My Mom….Rawkin’ My Socks Since 1975

Happy Mother’s Day to my sweet and spunky mom! When you see my mother, you’ll see a little sprite of a woman, probably rushing to class (although I have never personally witnessed this but am told it happens), reading a book, grading papers, drinking coffee, or writing something clever, witty and touching. But don’t let the small stature and intellectual nature fool you people. This lady is a firecracker and if she gets riled, it is a sight to behold. I love that side of my mom. The one who just cannot stand to hold her tongue any longer and once that point is reached, will leave shocked faces in the wake of her pointed, and sometimes unexpected opinions. Personally, I think she should let that lady out more often.(My father is cringing right now, I’m quite sure).

I like to think I get my sometimes sharp tongue (and getting sharper with age) and opinionated, yet reserved nature from her. I know for a fact that I get my scatterbrainedness (where in the heck ARE those keys anyway??? did I leave the oven on or not?? oops, totally forgot to pay that bill!!) from her. I love that trait as well.  I tend to believe its an endearing quality, although the men in our lives might disagree as it oftentimes falls to them to keep us on track and our heads out of the clouds.

I am pretty sure she is enjoying the fact that I now have a little one of my own. One who, like I did at her age, won’t allow me to pee by myself, gets me up at all hours, can’t keep a pair of white lacy “church socks” clean to save her life and doesn’t really care to, and has both endearing and maddening quirks of her own. It’s so surreal and lovely to watch my daughter and my mother together. Hilarity often ensues. The latest was a rousing 42 games of Hi Ho Cheerio between the two of them on the living room floor, followed by some violent kung fu fighting using lace doilies as a form of nunchucks. That last one was just…I don’t even know. I mean how do you describe kung fu fighting with lace doilies anyway? Is that even possible? Hilarity I tell you.

My mom is not perfect I’m sure. But she is to me. I love you mom.

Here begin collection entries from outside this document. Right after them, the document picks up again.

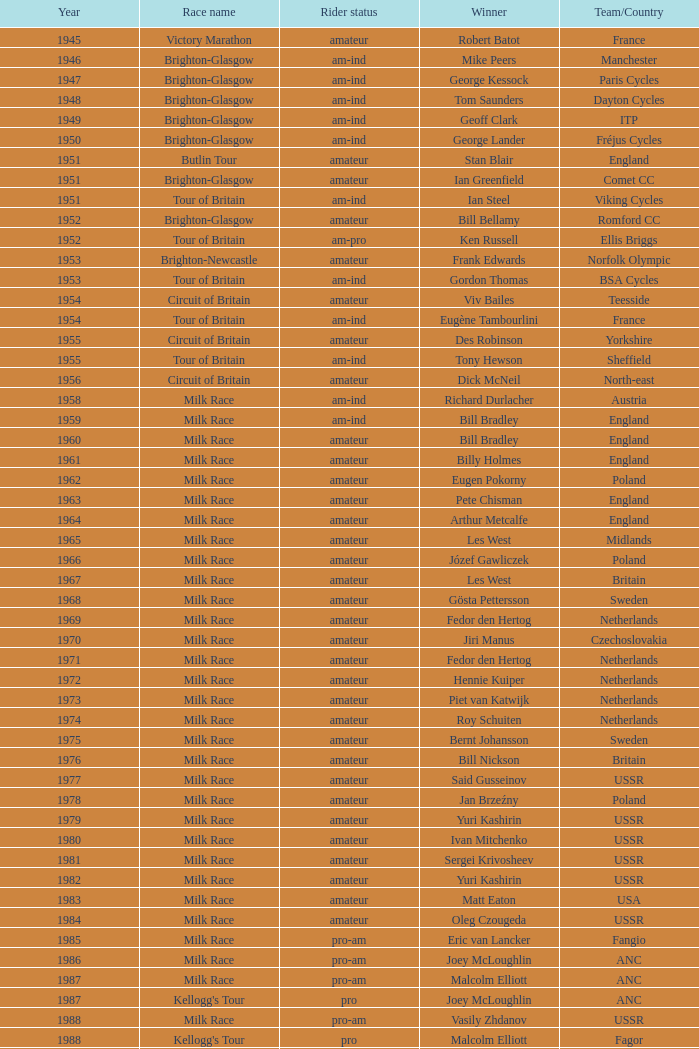What year marks phil anderson's most recent triumph? 1993.0. 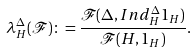<formula> <loc_0><loc_0><loc_500><loc_500>\lambda _ { H } ^ { \Delta } ( \mathcal { F } ) \colon = \frac { \mathcal { F } ( \Delta , I n d _ { H } ^ { \Delta } 1 _ { H } ) } { \mathcal { F } ( H , 1 _ { H } ) } .</formula> 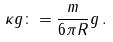Convert formula to latex. <formula><loc_0><loc_0><loc_500><loc_500>\kappa g \colon = \frac { m } { 6 \pi R } g \, .</formula>

2 thoughts on “My Mom….Rawkin’ My Socks Since 1975

  1. Awww…thanks! You’ve always rocked my socks too. And it’s true that the electric meter guy was approaching the house the day the bathroom window was open and I yelled at your two-year-old self, “Can’t you let your mother pee in peace!?” Or some such words as that! I’ve always wondered if he heard and what he thought about the goin’s on in our house.